* _DATA RECORDS_:

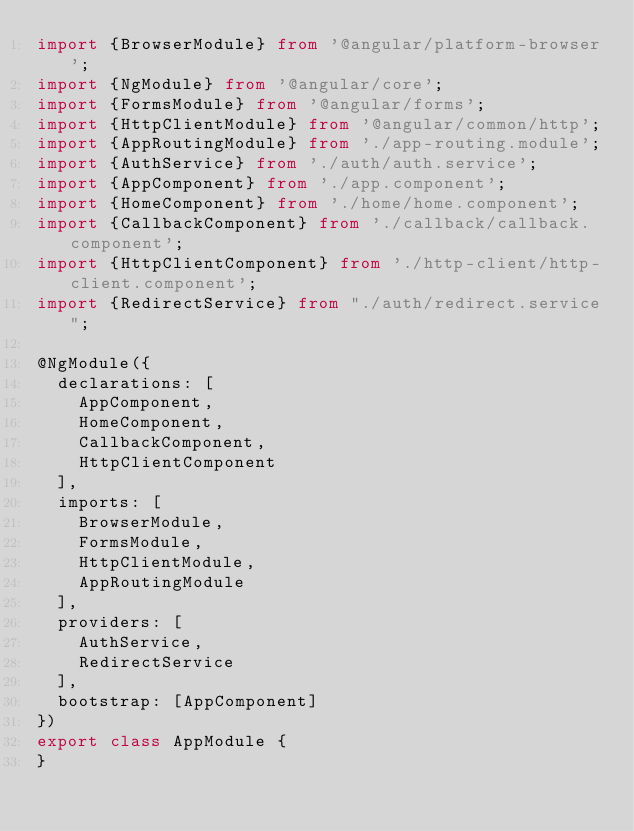<code> <loc_0><loc_0><loc_500><loc_500><_TypeScript_>import {BrowserModule} from '@angular/platform-browser';
import {NgModule} from '@angular/core';
import {FormsModule} from '@angular/forms';
import {HttpClientModule} from '@angular/common/http';
import {AppRoutingModule} from './app-routing.module';
import {AuthService} from './auth/auth.service';
import {AppComponent} from './app.component';
import {HomeComponent} from './home/home.component';
import {CallbackComponent} from './callback/callback.component';
import {HttpClientComponent} from './http-client/http-client.component';
import {RedirectService} from "./auth/redirect.service";

@NgModule({
  declarations: [
    AppComponent,
    HomeComponent,
    CallbackComponent,
    HttpClientComponent
  ],
  imports: [
    BrowserModule,
    FormsModule,
    HttpClientModule,
    AppRoutingModule
  ],
  providers: [
    AuthService,
    RedirectService
  ],
  bootstrap: [AppComponent]
})
export class AppModule {
}
</code> 
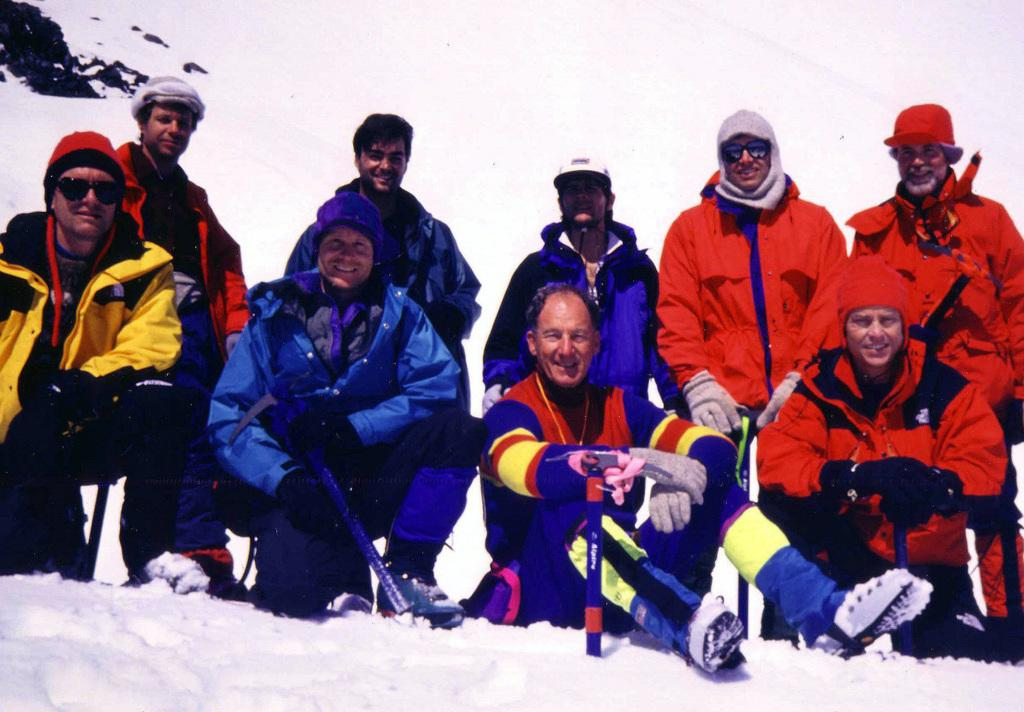How many people are in the image? There is a group of people in the image, but the exact number is not specified. What is the setting of the image? The people are on the snow. What instrument is the person A attempting to play in the image? There is no instrument present in the image, and no person is attempting to play anything.

* _WHAT THIS TASK INVOLVES_:
Copy down every line of the entries containing the word "AppComponent".

* _WRITTEN SOLUTION_:
import {AppComponent} from './app.component';
    AppComponent,
  bootstrap: [AppComponent]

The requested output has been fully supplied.